* **What to work on**
The copy you produce must hold every record exactly, and none of the images.

* **Information**
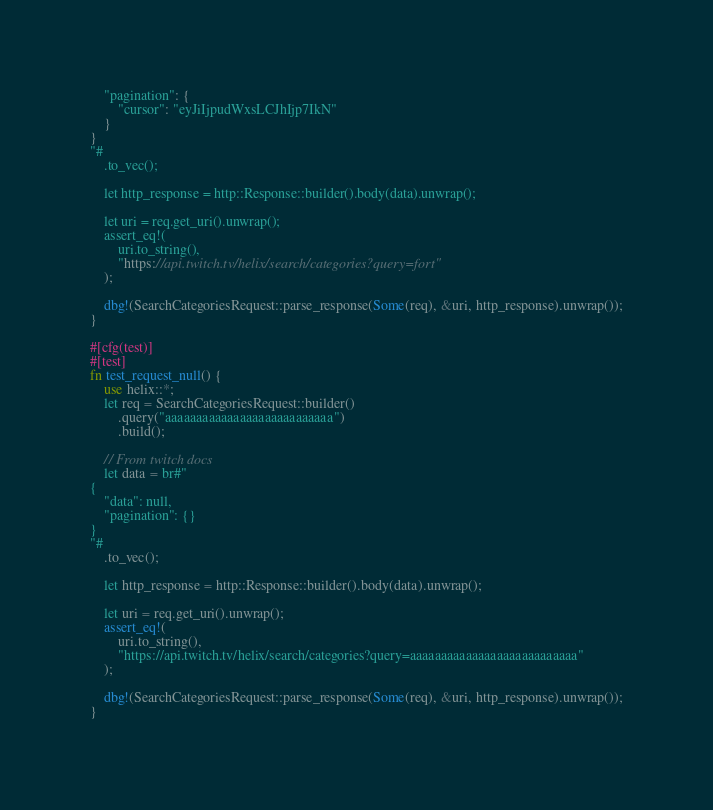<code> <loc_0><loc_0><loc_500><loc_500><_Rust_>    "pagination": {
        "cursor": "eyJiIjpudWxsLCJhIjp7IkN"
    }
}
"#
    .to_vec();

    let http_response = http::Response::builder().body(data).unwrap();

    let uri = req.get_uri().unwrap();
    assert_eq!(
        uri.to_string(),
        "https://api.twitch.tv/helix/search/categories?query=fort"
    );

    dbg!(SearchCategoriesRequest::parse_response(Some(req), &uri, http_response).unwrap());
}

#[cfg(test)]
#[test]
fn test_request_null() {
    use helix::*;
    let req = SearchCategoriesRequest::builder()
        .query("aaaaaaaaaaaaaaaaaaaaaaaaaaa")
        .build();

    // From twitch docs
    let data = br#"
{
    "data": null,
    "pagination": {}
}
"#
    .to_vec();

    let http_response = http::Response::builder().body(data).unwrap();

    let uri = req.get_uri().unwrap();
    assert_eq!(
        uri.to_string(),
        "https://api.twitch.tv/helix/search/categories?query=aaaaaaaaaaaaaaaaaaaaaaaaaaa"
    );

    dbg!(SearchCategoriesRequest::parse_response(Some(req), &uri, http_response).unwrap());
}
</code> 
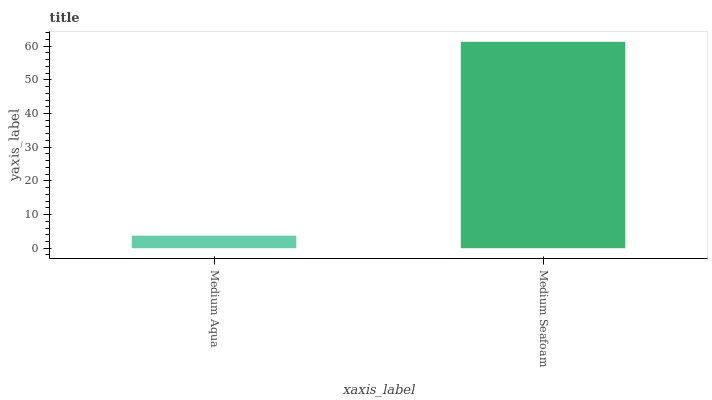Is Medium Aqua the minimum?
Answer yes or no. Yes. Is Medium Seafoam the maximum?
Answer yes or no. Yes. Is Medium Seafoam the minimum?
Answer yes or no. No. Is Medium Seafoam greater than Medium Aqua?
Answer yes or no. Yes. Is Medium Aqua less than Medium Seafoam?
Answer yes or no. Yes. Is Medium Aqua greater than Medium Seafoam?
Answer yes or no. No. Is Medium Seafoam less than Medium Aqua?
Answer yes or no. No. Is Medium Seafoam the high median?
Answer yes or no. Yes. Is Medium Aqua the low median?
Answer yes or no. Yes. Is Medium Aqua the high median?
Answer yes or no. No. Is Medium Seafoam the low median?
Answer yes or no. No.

* **Task solution**
<code> <loc_0><loc_0><loc_500><loc_500><_Rust_>    "pagination": {
        "cursor": "eyJiIjpudWxsLCJhIjp7IkN"
    }
}
"#
    .to_vec();

    let http_response = http::Response::builder().body(data).unwrap();

    let uri = req.get_uri().unwrap();
    assert_eq!(
        uri.to_string(),
        "https://api.twitch.tv/helix/search/categories?query=fort"
    );

    dbg!(SearchCategoriesRequest::parse_response(Some(req), &uri, http_response).unwrap());
}

#[cfg(test)]
#[test]
fn test_request_null() {
    use helix::*;
    let req = SearchCategoriesRequest::builder()
        .query("aaaaaaaaaaaaaaaaaaaaaaaaaaa")
        .build();

    // From twitch docs
    let data = br#"
{
    "data": null,
    "pagination": {}
}
"#
    .to_vec();

    let http_response = http::Response::builder().body(data).unwrap();

    let uri = req.get_uri().unwrap();
    assert_eq!(
        uri.to_string(),
        "https://api.twitch.tv/helix/search/categories?query=aaaaaaaaaaaaaaaaaaaaaaaaaaa"
    );

    dbg!(SearchCategoriesRequest::parse_response(Some(req), &uri, http_response).unwrap());
}
</code> 
Is Medium Aqua the minimum?
Answer yes or no. Yes. Is Medium Seafoam the maximum?
Answer yes or no. Yes. Is Medium Seafoam the minimum?
Answer yes or no. No. Is Medium Seafoam greater than Medium Aqua?
Answer yes or no. Yes. Is Medium Aqua less than Medium Seafoam?
Answer yes or no. Yes. Is Medium Aqua greater than Medium Seafoam?
Answer yes or no. No. Is Medium Seafoam less than Medium Aqua?
Answer yes or no. No. Is Medium Seafoam the high median?
Answer yes or no. Yes. Is Medium Aqua the low median?
Answer yes or no. Yes. Is Medium Aqua the high median?
Answer yes or no. No. Is Medium Seafoam the low median?
Answer yes or no. No.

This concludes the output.